NASP surveyed their members and found that at least 95% of DIR fees paid could have been determined at point-of-sale, which could reach billions of dollars collected in 2017.

“NASP therefore urges the agency to reign in the accounting abuses of the PBMs and require them to count the recoupments from specialty pharmacies as negotiated price and not DIR fees when the PBM knows that the specialty pharmacy cannot attain a certain metric, quality measure, and/or generic dispensing rate,” NASP wrote in the letter.

Summary DIR Reports will now report both “Rebate Administration Fees Reported as Bona Fide Service Fees” and “All Other Bona Fide Service Fees” under “Bona Fide Service Fees.” Previously, these sections were reported separately, according to the CMS.

NASP stated that PBMs should collect DIR fees based on pharmacy type. Since many of the performance metrics do not align with specialty pharmacy services, NASP is concerned that the proposed guidance does not break out DIR fees collected at retail and specialty pharmacies, according to the letter. Changing this aspect of the proposal would allow the CMS to have a better understanding of the structure of arrangements with PBMs and different types of pharmacies.

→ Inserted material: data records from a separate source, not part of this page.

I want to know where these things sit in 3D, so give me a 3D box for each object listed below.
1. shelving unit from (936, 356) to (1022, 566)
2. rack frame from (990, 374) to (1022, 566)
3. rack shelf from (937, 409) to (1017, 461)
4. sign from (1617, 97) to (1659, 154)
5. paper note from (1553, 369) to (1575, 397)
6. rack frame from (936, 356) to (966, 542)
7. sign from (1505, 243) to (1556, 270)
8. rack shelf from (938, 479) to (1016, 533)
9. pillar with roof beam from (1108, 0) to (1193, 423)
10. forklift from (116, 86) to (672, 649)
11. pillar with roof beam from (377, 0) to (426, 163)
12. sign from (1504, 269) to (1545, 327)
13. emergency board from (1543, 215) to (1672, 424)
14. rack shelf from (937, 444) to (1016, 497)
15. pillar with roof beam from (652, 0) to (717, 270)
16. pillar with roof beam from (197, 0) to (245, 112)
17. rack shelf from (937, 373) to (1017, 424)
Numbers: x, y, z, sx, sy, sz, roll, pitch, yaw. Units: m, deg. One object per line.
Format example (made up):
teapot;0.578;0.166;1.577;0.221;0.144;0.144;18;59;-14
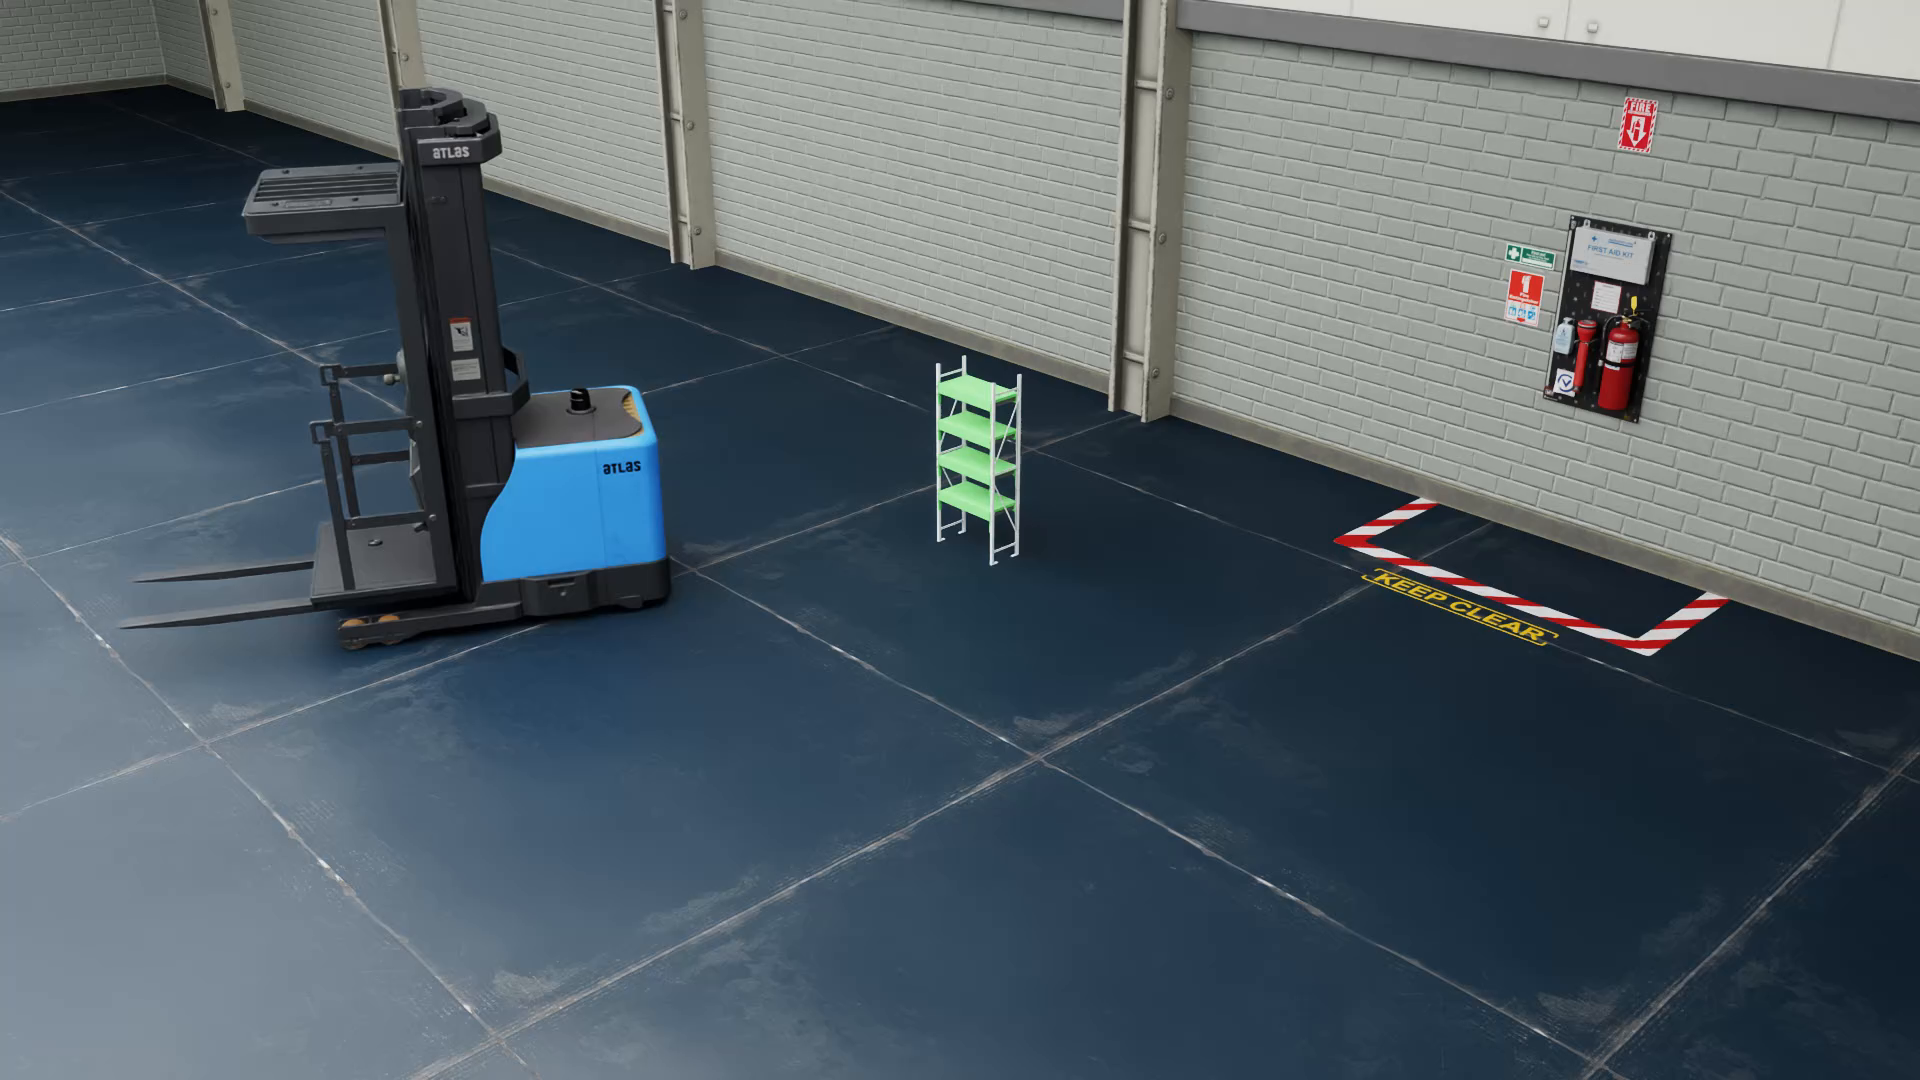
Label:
shelving unit;0.113;-0.496;10.391;0.258;1.200;0.503;-21;32;-38
rack frame;0.280;-0.422;10.229;0.240;1.200;0.015;-21;32;-38
rack shelf;0.113;-0.656;10.318;0.258;0.148;0.480;-21;32;-38
sign;3.905;-2.391;9.584;0.001;0.298;0.199;-21;32;-38
paper note;3.768;-0.978;10.341;0.016;0.148;0.142;-21;32;-38
rack frame;-0.054;-0.570;10.553;0.240;1.200;0.015;-21;32;-38
sign;3.532;-1.756;10.303;0.001;0.109;0.331;-21;32;-38
rack shelf;0.113;-0.219;10.517;0.258;0.148;0.480;-21;32;-38
pillar with roof beam;-1.744;-3.872;8.396;9.100;9.000;0.400;-21;32;-38
forklift;-3.293;-0.961;9.325;3.031;2.935;1.130;-7;25;-15
pillar with roof beam;-9.946;-7.508;16.365;9.100;9.000;0.400;-21;32;-38
sign;3.536;-1.519;10.422;0.001;0.329;0.234;-21;32;-38
emergency board;3.838;-1.306;9.998;0.194;1.169;0.643;-21;32;-38
rack shelf;0.113;-0.438;10.418;0.258;0.148;0.480;-21;32;-38
pillar with roof beam;-5.845;-5.690;12.380;9.100;9.000;0.400;-21;32;-38
pillar with roof beam;-14.047;-9.326;20.350;9.100;9.000;0.400;-21;32;-38
rack shelf;0.113;-0.874;10.218;0.258;0.148;0.480;-21;32;-38

The change also received support from the National Community Pharmacist Association (NCPA), which is the voice of thousands of independent community pharmacies.

“We strongly support this modification in how pharmacy DIR information is collected; specifically making a distinction between price concessions received from pharmacies and incentive payments paid to pharmacies by Medicare Part D plan sponsors,” NCPA wrote in a letter to the CMS. “This delineation will also shed much needed light on plan sponsor/PBM pharmacy quality measures in the Part D program.”

Since DIR reporting is required by the end of June, the CMS has extended the deadline to ensure that the new reporting requirements are established and to allow sponsors sufficient time to prepare the report.